Several Molecular Dynamics MD simulation studies have been carried out on CYP proteins with and without SNPs. The simulation results, pointed out the importance of the structure and motion for catalytic action in the protein22. Also, according to MD simulations and experimental data, it is suggesting that changes in CYP proteins, is due to the ability of the enzyme to simultaneously bind two substrate molecules. Thus, SNPs can affect such bound due to change in the dynamics23,24. For example, for YP3A4, CYP2C9, CYP2A6 and CYP2D6, compared with the prevalent allelic form 1*, flexibility due to SNPs is affected and possibly disrupting the ligand entrance to the active site25,26,27.
Here, we investigated patients based on CYP2D6 metaboliser phenotypes19, and the relationship with the plasticity and tamoxifen entrance affectation to the catalytic pocket. Patients with an extensive metaboliser (EM) phenotype carry two functional CYP2D6 alleles (CYP2D6 *1, *2, *33 or *35); those with an intermediate metaboliser (IM) phenotype carry reduced function alleles (CYP2D6 *9, *10, *17 or *41) and those with a poor metaboliser (PM) phenotype carry two or one deficient allele (CYP2D6 *3, *4, or *5) and at least one reduced function allele; this latter group may benefit less from tamoxifen.

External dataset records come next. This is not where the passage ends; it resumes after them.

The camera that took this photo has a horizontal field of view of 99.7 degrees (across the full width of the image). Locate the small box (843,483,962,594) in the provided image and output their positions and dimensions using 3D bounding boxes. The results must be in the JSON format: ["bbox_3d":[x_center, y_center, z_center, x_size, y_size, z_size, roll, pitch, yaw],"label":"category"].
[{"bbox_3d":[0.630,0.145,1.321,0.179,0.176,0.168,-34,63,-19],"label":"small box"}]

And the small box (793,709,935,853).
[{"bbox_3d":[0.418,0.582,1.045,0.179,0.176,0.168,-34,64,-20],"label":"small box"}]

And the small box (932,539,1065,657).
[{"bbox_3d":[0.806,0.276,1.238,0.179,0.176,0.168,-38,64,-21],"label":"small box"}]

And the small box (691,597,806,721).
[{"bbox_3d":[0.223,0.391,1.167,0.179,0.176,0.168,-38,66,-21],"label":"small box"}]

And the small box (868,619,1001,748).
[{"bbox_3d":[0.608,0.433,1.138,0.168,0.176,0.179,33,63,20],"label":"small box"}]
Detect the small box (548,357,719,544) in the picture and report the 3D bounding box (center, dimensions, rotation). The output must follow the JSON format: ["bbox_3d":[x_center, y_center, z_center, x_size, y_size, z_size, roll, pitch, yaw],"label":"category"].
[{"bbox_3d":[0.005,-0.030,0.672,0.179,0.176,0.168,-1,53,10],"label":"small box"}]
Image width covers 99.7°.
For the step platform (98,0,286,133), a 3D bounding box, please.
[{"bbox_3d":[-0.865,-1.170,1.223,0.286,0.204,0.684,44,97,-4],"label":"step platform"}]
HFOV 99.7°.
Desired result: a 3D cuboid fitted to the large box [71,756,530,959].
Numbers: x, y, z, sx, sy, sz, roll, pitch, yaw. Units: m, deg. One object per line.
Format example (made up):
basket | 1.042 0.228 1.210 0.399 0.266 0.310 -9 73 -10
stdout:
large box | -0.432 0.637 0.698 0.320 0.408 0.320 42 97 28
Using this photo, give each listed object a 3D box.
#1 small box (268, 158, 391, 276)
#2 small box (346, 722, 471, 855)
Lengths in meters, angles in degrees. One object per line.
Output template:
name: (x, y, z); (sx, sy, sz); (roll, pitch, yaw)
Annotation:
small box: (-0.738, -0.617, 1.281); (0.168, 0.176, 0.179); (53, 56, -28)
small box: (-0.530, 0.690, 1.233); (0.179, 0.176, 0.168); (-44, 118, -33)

Importantly, pharmacokinetics studies have revealed that CYP2D6 genotypes are associated with different concentrations of tamoxifen metabolites, mainly endoxifen, in a patient-dependent manner2,18,20,21. A subset of the most common alleles was selected for phenotype prediction and was compared with information reported in other human populations (see Supplementary T1). Alleles were grouped according to their perceived functionality, wherein PM included at least one allele with null function. These terms were determined by the Clinical Pharmacogenetics Implementation Consortium (CPIC) in an effort to standardise terms for reporting clinical pharmacogenetic test results28. The frequency of the CYP2D6 variants in different populations has been described in previous studies; the CYP2D6*4 allele was most common in Caucasians, CYP2D6*10 in East Asians, CYP2D6*41 and duplication/multiplication of active alleles in Middle Easterners, CYP2D6*17 in Black Africans and CYP2D6*29 in African Americans. Overall, the PM phenotype is more frequent among Caucasians, and the ultra-fast metaboliser (UM) phenotype is more frequent among Middle Easterners and Ethiopians19.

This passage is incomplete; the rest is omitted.